Nel preambolo della sua Costituzione (a partire dalla riforma costituzionale di 1990) si definisce come uno Stato arabo, parte della Lega degli Stati Arabi, ed anche membro fondatore e attivo delle Nazione Unite e Stato parte della Dichiarazione Universale dei diritti dell’Uomo; una repubblica democratica parlamentaria, basata sulla libertà di opinioni e di credenze (Preambolo).
Gli articolo 9 e 10 della Costituzione del Libano del 1926 garantiscono la libertà di coscienza e la libertà delle comunità religiose (art. 9), così come la libertà d’insegnamento nella scuola di queste comunità (art. 10).
Le comunità religiose riconosciute legalmente si trovano anche menzionate in relazioni alle attribuzioni del Consiglio Costituzionale (art. 19 della Costituzione, riformato costituzionalmente in 1990), in virtù del quale loro possono sollevare una richiesta di controllo di costituzionalità sulla legge che violi lo status personale, la libertà di coscienza, l’esercizio del culto e la libertà di insegnamento religioso.

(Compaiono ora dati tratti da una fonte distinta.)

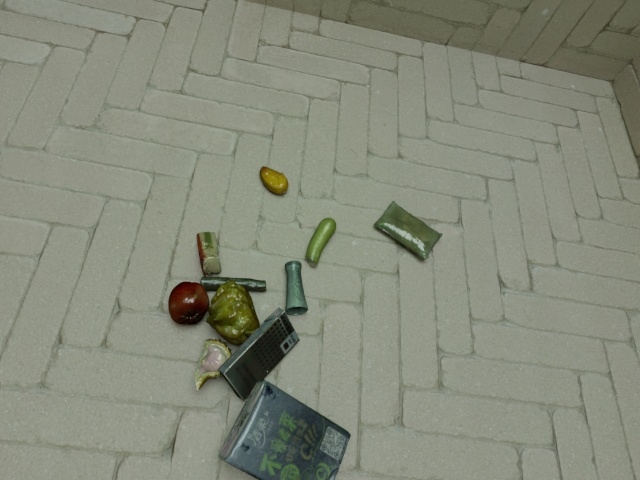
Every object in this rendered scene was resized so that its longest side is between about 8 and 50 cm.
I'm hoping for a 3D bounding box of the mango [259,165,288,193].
[{"bbox_3d":[-0.221,-0.284,2.232,0.187,0.066,0.101,41,70,16],"label":"mango"}]

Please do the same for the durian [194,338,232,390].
[{"bbox_3d":[-0.416,0.477,1.765,0.140,0.078,0.224,32,43,-5],"label":"durian"}]

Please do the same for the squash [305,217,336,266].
[{"bbox_3d":[0.000,0.000,2.119,0.083,0.083,0.250,26,62,2],"label":"squash"}]

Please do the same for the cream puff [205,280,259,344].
[{"bbox_3d":[-0.333,0.279,1.815,0.244,0.244,0.196,41,76,10],"label":"cream puff"}]

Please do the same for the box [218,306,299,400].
[{"bbox_3d":[-0.224,0.430,1.791,0.047,0.180,0.325,17,51,42],"label":"box"}]

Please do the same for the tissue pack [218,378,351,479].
[{"bbox_3d":[-0.112,0.706,1.630,0.394,0.124,0.288,36,59,-14],"label":"tissue pack"}]

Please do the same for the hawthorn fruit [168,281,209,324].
[{"bbox_3d":[-0.518,0.230,1.852,0.156,0.157,0.194,-3,45,-13],"label":"hawthorn fruit"}]

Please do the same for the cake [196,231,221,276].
[{"bbox_3d":[-0.475,0.064,2.005,0.086,0.117,0.220,-6,31,-18],"label":"cake"}]

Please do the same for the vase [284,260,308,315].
[{"bbox_3d":[-0.108,0.195,1.986,0.096,0.096,0.220,0,60,-12],"label":"vase"}]

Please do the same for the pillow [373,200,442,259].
[{"bbox_3d":[0.422,-0.049,2.238,0.302,0.075,0.185,36,60,11],"label":"pillow"}]

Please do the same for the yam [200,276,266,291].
[{"bbox_3d":[-0.359,0.182,1.956,0.273,0.061,0.061,3,62,-11],"label":"yam"}]
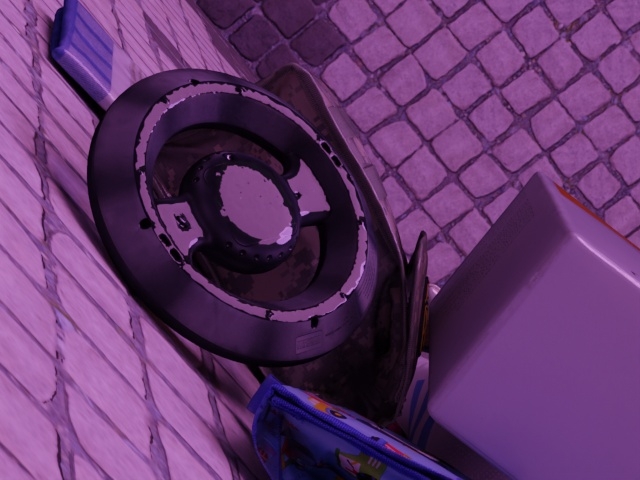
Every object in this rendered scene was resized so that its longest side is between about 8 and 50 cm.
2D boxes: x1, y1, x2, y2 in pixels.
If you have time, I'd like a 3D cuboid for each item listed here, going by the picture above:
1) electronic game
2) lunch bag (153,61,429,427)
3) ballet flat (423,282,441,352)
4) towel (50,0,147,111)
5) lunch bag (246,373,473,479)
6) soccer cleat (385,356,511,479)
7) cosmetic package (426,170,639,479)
[{"bbox_3d":[-0.057,-0.018,1.347,0.229,0.048,0.229,20,51,-27],"label":"electronic game"},{"bbox_3d":[-0.002,0.015,1.553,0.287,0.169,0.235,61,5,-1],"label":"lunch bag"},{"bbox_3d":[0.072,0.067,1.735,0.206,0.067,0.073,8,3,-9],"label":"ballet flat"},{"bbox_3d":[-0.143,-0.090,1.765,0.285,0.034,0.209,48,8,-19],"label":"towel"},{"bbox_3d":[0.065,0.195,1.259,0.293,0.138,0.221,40,2,13],"label":"lunch bag"},{"bbox_3d":[0.134,0.164,1.799,0.116,0.143,0.331,50,5,-16],"label":"soccer cleat"},{"bbox_3d":[0.214,0.092,1.484,0.230,0.161,0.453,37,8,-2],"label":"cosmetic package"}]
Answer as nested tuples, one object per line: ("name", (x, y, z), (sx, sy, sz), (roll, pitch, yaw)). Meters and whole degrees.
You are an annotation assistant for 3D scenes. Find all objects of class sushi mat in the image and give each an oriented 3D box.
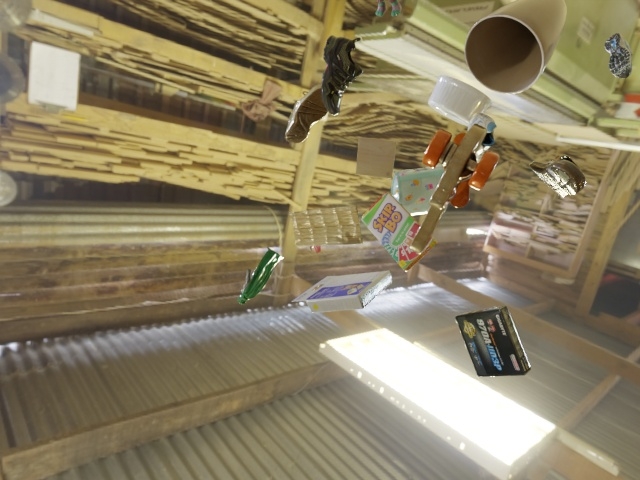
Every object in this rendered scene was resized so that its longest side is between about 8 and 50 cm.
("sushi mat", (0.019, -0.053, 1.681), (0.316, 0.151, 0.019), (-3, -169, 31))

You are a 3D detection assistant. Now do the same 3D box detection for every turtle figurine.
("turtle figurine", (0.237, -1.004, 1.651), (0.175, 0.118, 0.234), (45, 178, 40))

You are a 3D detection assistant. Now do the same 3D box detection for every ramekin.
("ramekin", (0.643, -0.647, 1.972), (0.277, 0.135, 0.277), (26, -165, -7))

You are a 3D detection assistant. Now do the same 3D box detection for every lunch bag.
("lunch bag", (0.404, -0.213, 1.689), (0.223, 0.160, 0.262), (-7, 159, 5))

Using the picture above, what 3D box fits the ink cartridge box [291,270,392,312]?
("ink cartridge box", (0.092, 0.205, 1.692), (0.307, 0.072, 0.303), (-12, -171, 33))

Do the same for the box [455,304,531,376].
("box", (0.568, 0.337, 1.397), (0.051, 0.220, 0.175), (-15, 174, -39))

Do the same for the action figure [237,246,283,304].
("action figure", (-0.234, 0.136, 1.553), (0.063, 0.232, 0.137), (31, 175, 26))

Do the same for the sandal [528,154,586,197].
("sandal", (0.452, -0.131, 0.785), (0.090, 0.060, 0.219), (49, -164, 8))

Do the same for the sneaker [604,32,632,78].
("sneaker", (0.945, -0.571, 1.306), (0.073, 0.162, 0.063), (14, 157, -19))

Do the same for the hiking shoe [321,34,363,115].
("hiking shoe", (0.066, -0.487, 1.256), (0.114, 0.227, 0.086), (9, -152, 15))

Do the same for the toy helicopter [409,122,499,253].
("toy helicopter", (0.304, -0.119, 1.029), (0.140, 0.355, 0.235), (29, -141, 14))

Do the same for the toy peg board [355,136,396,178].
("toy peg board", (0.248, -0.368, 1.844), (0.161, 0.161, 0.079), (10, -156, 15))

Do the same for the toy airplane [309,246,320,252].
("toy airplane", (0.000, 0.000, 2.260), (0.028, 0.151, 0.151), (36, 175, -40))

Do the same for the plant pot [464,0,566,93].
("plant pot", (0.643, -0.653, 1.323), (0.256, 0.274, 0.256), (39, 162, 15))

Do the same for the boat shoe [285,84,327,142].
("boat shoe", (-0.051, -0.456, 1.473), (0.104, 0.089, 0.285), (12, 152, -28))

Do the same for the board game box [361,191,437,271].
("board game box", (0.228, -0.038, 1.285), (0.039, 0.124, 0.259), (28, -159, -47))

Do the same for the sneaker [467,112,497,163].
("sneaker", (0.507, -0.302, 1.336), (0.086, 0.085, 0.237), (54, 177, 28))
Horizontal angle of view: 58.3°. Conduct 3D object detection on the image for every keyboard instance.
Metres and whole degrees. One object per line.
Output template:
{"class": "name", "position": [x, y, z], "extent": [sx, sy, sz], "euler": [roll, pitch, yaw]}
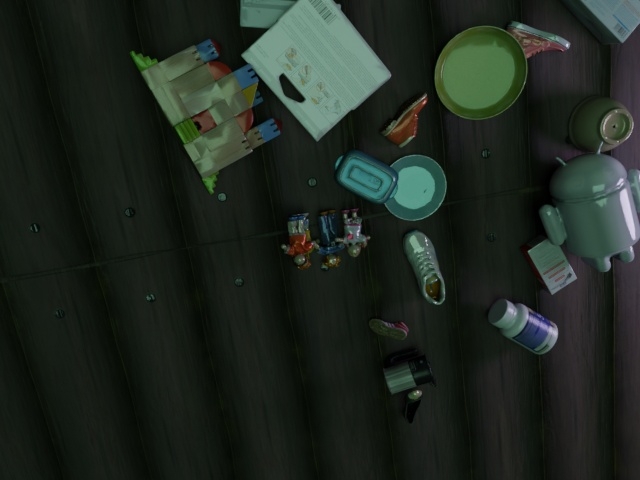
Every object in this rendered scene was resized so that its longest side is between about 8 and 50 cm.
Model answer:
{"class": "keyboard", "position": [-0.076, -0.577, 1.470], "extent": [0.256, 0.014, 0.072], "euler": [1, 109, -7]}

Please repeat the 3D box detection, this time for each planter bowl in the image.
{"class": "planter bowl", "position": [0.793, -0.320, 1.596], "extent": [0.162, 0.109, 0.161], "euler": [-2, 105, -8]}

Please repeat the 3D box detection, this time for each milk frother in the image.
{"class": "milk frother", "position": [0.270, 0.410, 1.713], "extent": [0.135, 0.129, 0.143], "euler": [-20, 111, 8]}

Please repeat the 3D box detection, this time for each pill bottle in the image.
{"class": "pill bottle", "position": [0.602, 0.253, 1.719], "extent": [0.187, 0.112, 0.112], "euler": [30, 99, -14]}

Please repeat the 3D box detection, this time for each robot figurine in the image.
{"class": "robot figurine", "position": [0.763, -0.092, 1.604], "extent": [0.300, 0.200, 0.353], "euler": [-23, 106, -2]}

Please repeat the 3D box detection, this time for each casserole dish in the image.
{"class": "casserole dish", "position": [0.126, -0.171, 1.572], "extent": [0.189, 0.037, 0.114], "euler": [28, 103, -4]}

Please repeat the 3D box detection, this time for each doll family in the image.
{"class": "doll family", "position": [0.000, 0.000, 1.592], "extent": [0.263, 0.118, 0.163], "euler": [-9, 100, -24]}

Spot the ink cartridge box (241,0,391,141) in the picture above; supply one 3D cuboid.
{"class": "ink cartridge box", "position": [-0.010, -0.452, 1.476], "extent": [0.261, 0.066, 0.296], "euler": [-41, 107, 7]}

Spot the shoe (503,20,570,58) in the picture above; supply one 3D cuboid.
{"class": "shoe", "position": [0.573, -0.520, 1.542], "extent": [0.178, 0.063, 0.081], "euler": [17, 103, -6]}

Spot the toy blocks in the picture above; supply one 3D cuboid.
{"class": "toy blocks", "position": [-0.259, -0.345, 1.439], "extent": [0.261, 0.191, 0.381], "euler": [-32, 107, -10]}

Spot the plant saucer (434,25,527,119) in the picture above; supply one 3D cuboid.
{"class": "plant saucer", "position": [0.424, -0.446, 1.533], "extent": [0.241, 0.037, 0.240], "euler": [1, 112, 3]}

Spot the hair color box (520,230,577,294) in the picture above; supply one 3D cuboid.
{"class": "hair color box", "position": [0.680, 0.067, 1.711], "extent": [0.093, 0.053, 0.167], "euler": [-33, 105, 1]}

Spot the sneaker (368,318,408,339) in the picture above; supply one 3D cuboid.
{"class": "sneaker", "position": [0.206, 0.258, 1.712], "extent": [0.119, 0.067, 0.042], "euler": [20, 105, 19]}

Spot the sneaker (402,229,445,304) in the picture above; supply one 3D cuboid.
{"class": "sneaker", "position": [0.305, 0.076, 1.646], "extent": [0.088, 0.092, 0.228], "euler": [-23, 105, 1]}

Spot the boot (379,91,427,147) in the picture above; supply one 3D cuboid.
{"class": "boot", "position": [0.243, -0.326, 1.555], "extent": [0.085, 0.059, 0.158], "euler": [39, 105, -18]}

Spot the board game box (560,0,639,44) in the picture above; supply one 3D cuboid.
{"class": "board game box", "position": [0.796, -0.709, 1.502], "extent": [0.224, 0.097, 0.303], "euler": [38, 98, -16]}

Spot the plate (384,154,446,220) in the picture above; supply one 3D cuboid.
{"class": "plate", "position": [0.261, -0.149, 1.617], "extent": [0.188, 0.024, 0.188], "euler": [-2, 104, -6]}

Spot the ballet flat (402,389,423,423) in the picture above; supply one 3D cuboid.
{"class": "ballet flat", "position": [0.282, 0.499, 1.734], "extent": [0.058, 0.049, 0.173], "euler": [-9, 140, -5]}

Con la caduta dell’Impero Ottomano, dove il Califfo non è stato mai il Pontefice, gli Stati come il Libano, l’indipendenza dalla Francia, configurarono un’esperienza di riconoscimento delle diverse comunità; tuttavia, bisogna ricordare che tra gli Stati orientali, il Libano non ha mai ha avuto come religione predominante quella musulmana nonostante la sua presenza e la partecipazione dei credenti musulmani nel governo sia attiva.Ciò si spiega perché in questo paese, vi è un equilibrio dei poteri delle altre religione rivelate, attraverso un mutuo riconoscimento, il riconoscimento delle comunità cristiane sia
cattoliche che ortodosse, protestante evangelica e musulmana (Sunnita, Shiita, Drusa e Alawita) e, infine, una comunità israelitica. Ciò ha avuto come conseguenza logica che in quel paese, insieme al riconoscimento della libertà di coscienza si sia affermato che lo Stato rende omaggio al “Dio Onnipotente” e che per questo rispetta le religioni e il personale status corrispondente alle stesse, anche riconoscendo i tribunali delle comunità religiose, soggetti soltanto alla supervisione della Corte di Cassazione (art. 9 della Costituzione di 1926 che è anche l’attuale) (Gallala - Arndt, I., 2015, 835-836). Tuttavia il cambiamento della religione non comporta il predominio della legge di una comunità sull’altra, a differenza di quanto accade negli altri paesi della regione orientale, difatti, a livello amministrativo, si richiede soltatnto l’autorizzazione dell’autorità religiosa della comunità che accoglie e non anche quella dell’autorità di provenienza (Caprara, L., 2015).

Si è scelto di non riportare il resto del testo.